Bagikan:

JAKARTA - Menteri Luar Negeri Ukraina Dmytro Kuleba mengkonfirmasi dirinya akan bertemu dengan Menteri Luar Negeri Rusia Sergei Lavrov, di sela-sela Forum Diplomasi Antalya, minggu ini menyusul proposal Turki untuk menyatukan dua diplomat top di tengah ketegangan yang terus berlanjut.

"Saat ini pertemuan direncanakan tanggal 10 (Maret). Mari kita lihat, apakah dia terbang ke Antalya, maka saya akan terbang juga. Mari duduk, mari kita bicara," kata Kuleba dalam pesan video, dikutip dari Daily Sabah 9 Maret.

Menteri Luar Negeri Turki Mevlüt Cavuşoğlu sebelumnya mengatakan, kedua belah pihak diharapkan berada di Kota Antalya, Turki pada 10 Maret. Pembicaraan akan diadakan dalam format trilateral.

"Jika Lavrov siap untuk pembicaraan serius, kami akan berbicara dari diplomat ke diplomat. Tetapi jika Lavrov mulai mengulangi propaganda absurd yang telah dilontarkan akhir-akhir ini, saya akan memberinya ketegasan kebenaran yang layak diterimanya," tegas Kuleba.

Diplomat itu mengatakan negaranya juga tidak tertutup untuk pembicaraan langsung antara Presiden Ukraina Volodymyr Zelensky dan Presiden Rusia Vladimir Putin.

Mengekspresikan harapan bahwa pertemuan itu "akan menjadi titik balik" dan "langkah penting" menuju perdamaian dan stabilitas, menteri luar negeri Turki mengatakan pada hari Senin bahwa Ankara akan "terus melakukan upaya untuk perdamaian abadi."

Turki telah berusaha untuk menengahi antara Rusia dan Ukraina dan menawarkan pada beberapa kesempatan untuk menjadi tuan rumah pembicaraan.

Mempertahankan sikap netral dan seimbangnya, Turki melanjutkan upaya diplomatiknya untuk meredakan konflik Ukraina, mendesak semua pihak untuk menahan diri. Sementara Ankara menentang sanksi internasional yang dirancang untuk mengisolasi Moskow, mereka juga menutup Bosporus dan Dardanelles di bawah pakta 1936, yang memungkinkannya untuk mencegah beberapa kapal Rusia melintasi Selat Turki.

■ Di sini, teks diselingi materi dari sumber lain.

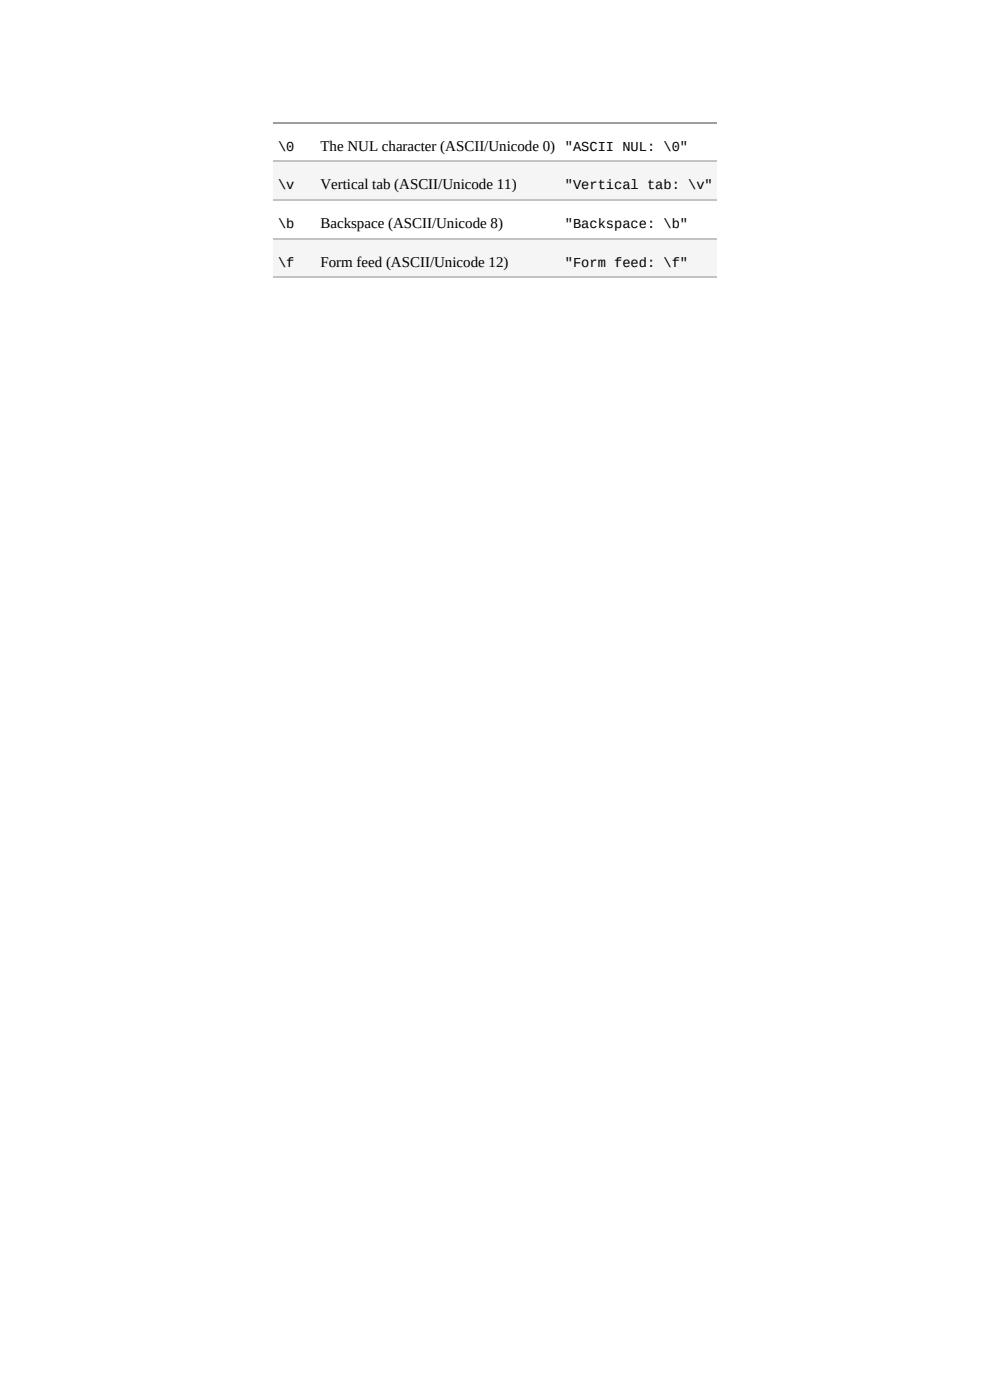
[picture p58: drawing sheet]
<svg xmlns="http://www.w3.org/2000/svg" width="210mm" height="297mm" viewBox="0 0 210 297" stroke-linecap="round" stroke-linejoin="round" font-family="sans-serif">
<defs><g id="words">
<g font-size="3.2">
<text x="68" y="32">The NUL character (ASCII/Unicode 0) &quot;ASCII NUL: \0&quot;</text>
<text x="68" y="40.2">Vertical tab (ASCII/Unicode 11)</text>
<text x="68" y="48.4">Backspace (ASCII/Unicode 8)</text>
<text x="68" y="56.6">Form feed (ASCII/Unicode 12)</text>
</g>
<g font-size="2.9">
<text x="59" y="32">\0</text>
<text x="59" y="40.2">\v</text>
<text x="119.8" y="40.2">&quot;Vertical tab: \v&quot;</text>
<text x="59" y="48.4">\b</text>
<text x="119.8" y="48.4">&quot;Backspace: \b&quot;</text>
<text x="59" y="56.6">\f</text>
<text x="119.8" y="56.6">&quot;Form feed: \f&quot;</text>
</g>
</g></defs>
<g fill="#f1f6fc">
<path d="M57.9 34.1h9v8.2h-9z"/>
<path d="M66.9 34.1h51.9v8.2h-51.9z"/>
<path d="M118.8 34.1h33.3v8.2h-33.3z"/>
<path d="M57.9 50.5h9v8.2h-9z"/>
<path d="M66.9 50.5h51.9v8.2h-51.9z"/>
<path d="M118.8 50.5h33.3v8.2h-33.3z"/>
</g>
<path d="M57.9 34.2h94.2M57.9 50.6h94.2M57.9 58.8h94.2M57.9 42.4h94.2" fill="none" stroke="#c3c3c3" stroke-width=".26"/>
<path d="M57.9 26.1h94.2" fill="none" stroke="#9d9d9d" stroke-width=".26"/>
<use href="#words"/>
</svg>

Untuk diketahui, di bawah Konvensi Montreux 1936, anggota NATO Turki memiliki kendali atas selat Bosporus dan Dardanelles yang menghubungkan Laut Mediterania dan Laut Hitam. Pakta tersebut memberi Ankara kekuatan untuk mengatur transit kapal perang angkatan laut dan menutup selat bagi kapal perang asing selama masa perang dan ketika terancam.

Sekutu NATO Turki berbatasan dengan Ukraina dan Rusia di Laut Hitam dan memiliki hubungan baik dengan keduanya. Sejak awal konflik, Ankara telah menawarkan untuk menengahi antara kedua belah pihak dan menjadi tuan rumah pembicaraan damai, menggarisbawahi dukungannya untuk integritas teritorial dan kedaulatan Ukraina.

Baru-baru ini menyebut invasi Rusia sebagai pelanggaran hukum internasional yang tidak dapat diterima, Turki dengan hati-hati merumuskan retorikanya untuk tidak menyinggung Moskow, yang memiliki hubungan dekat dengannya.

Pekan lalu, Presiden Recep Tayyip Erdoğan mengadakan panggilan telepon dengan timpalannya dari Rusia Vladimir Putin di mana dia mengatakan kepada pemimpin Rusia bahwa Turki siap untuk berkontribusi pada solusi masalah Ukraina dengan cara damai sesegera mungkin.

Menekankan bahwa gencatan senjata umum yang mendesak tidak hanya akan mengurangi masalah kemanusiaan di kawasan itu tetapi juga memberikan kesempatan untuk mencari solusi politik, Presiden Erdogan mengulangi seruannya untuk "membuka jalan bagi perdamaian bersama."

Selain itu, Presiden Erdogan menekankan pentingnya mengambil langkah-langkah mendesak untuk memastikan gencatan senjata, membuka koridor kemanusiaan dan menandatangani perjanjian damai.